I am trying to render views of a 3D mesh in VTK, I am doing the following:
vtkSmartPointer<vtkRenderWindow> render_win = vtkSmartPointer<vtkRenderWindow>::New();
vtkSmartPointer<vtkRenderer> renderer = vtkSmartPointer<vtkRenderer>::New();
render_win->AddRenderer(renderer);
render_win->SetSize(640, 480);
vtkSmartPointer<vtkCamera> cam = vtkSmartPointer<vtkCamera>::New();
cam->SetPosition(50, 50, 50);
cam->SetFocalPoint(0, 0, 0);
cam->SetViewUp(0, 1, 0);
cam->Modified();
vtkSmartPointer<vtkActor> actor_view = vtkSmartPointer<vtkActor>::New();
actor_view->SetMapper(mapper);
renderer->SetActiveCamera(cam);
renderer->AddActor(actor_view);
render_win->Render();
I am trying to simulate a rendering from a calibrated Kinect, for which I know the intrinsic parameters. How can I set the intrinsic parameters (focal length and principle point) to the vtkCamera.
I wish to do this so that the 2d pixel - 3d camera coordinate would be the same as if the image were taken from a kinect.
Hopefully this will help others trying to convert standard pinhole camera parameters to a vtkCamera: I created a gist showing how to do the full conversion. I verified that the world points project to the correct location in the rendered image. The key code from the gist is pasted below.

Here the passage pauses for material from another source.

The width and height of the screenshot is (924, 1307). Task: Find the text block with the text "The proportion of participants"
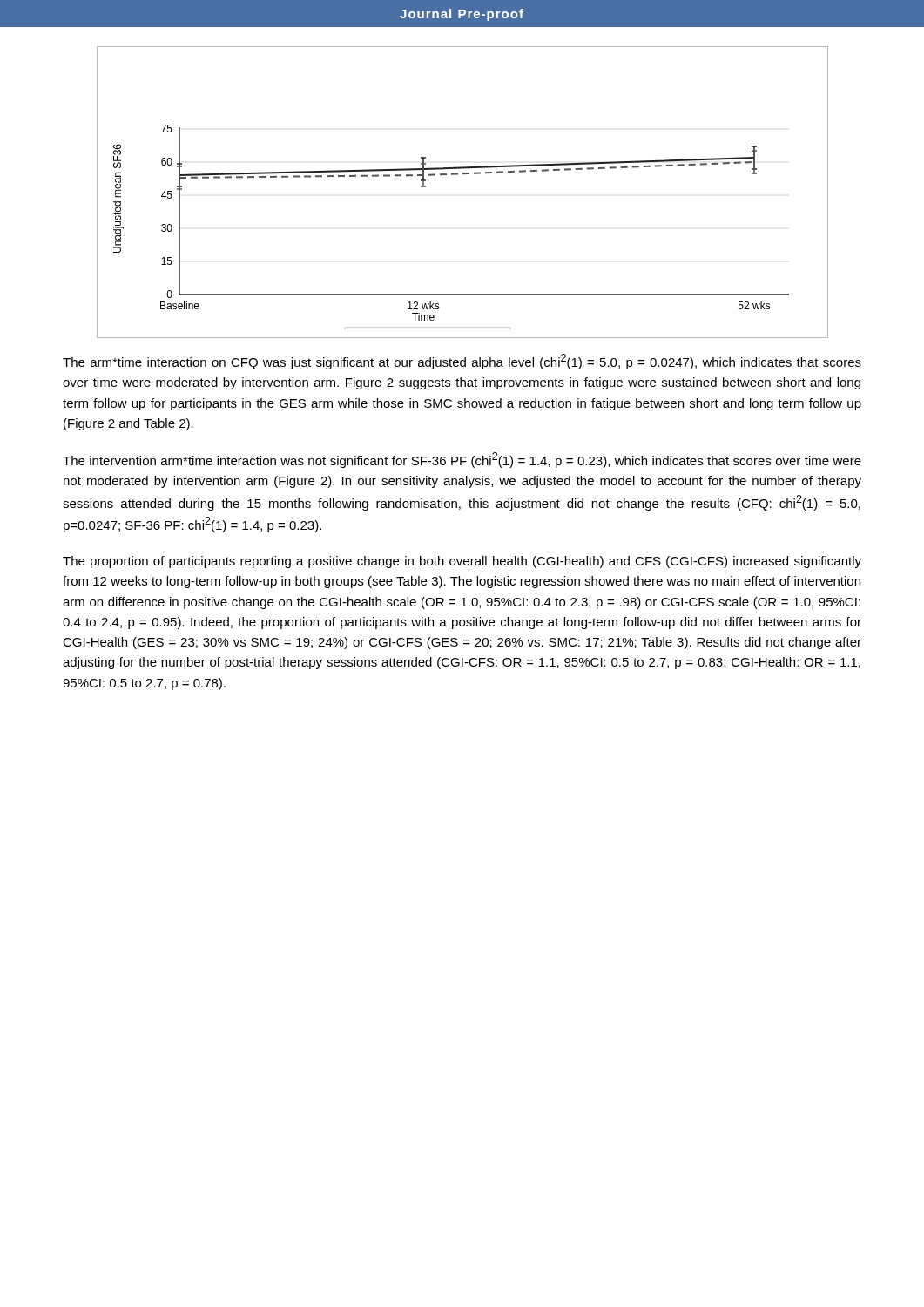click(462, 621)

gist: https://gist.github.com/decrispell/fc4b69f6bedf07a3425b
// apply the transform to scene objects
camera->SetModelTransformMatrix( camera_RT );
// the camera can stay at the origin because we are transforming the scene objects
camera->SetPosition(0, 0, 0);
// look in the +Z direction of the camera coordinate system
camera->SetFocalPoint(0, 0, 1);
// the camera Y axis points down
camera->SetViewUp(0,-1,0);
// ensure the relevant range of depths are rendered
camera->SetClippingRange(depth_min, depth_max);
// convert the principal point to window center (normalized coordinate system) and set it
double wcx = -2*(principal_pt.x() - double(nx)/2) / nx;
double wcy = 2*(principal_pt.y() - double(ny)/2) / ny;
camera->SetWindowCenter(wcx, wcy);
// convert the focal length to view angle and set it
double view_angle = vnl_math::deg_per_rad * (2.0 * std::atan2( ny/2.0, focal_len ));
std::cout << "view_angle = " << view_angle << std::endl;
camera->SetViewAngle( view_angle );
I too am using VTK to simulate the view from a kinect sensor. I am using VTK 6.1.0. I know this question is old, but hopefully my answer may help someone else.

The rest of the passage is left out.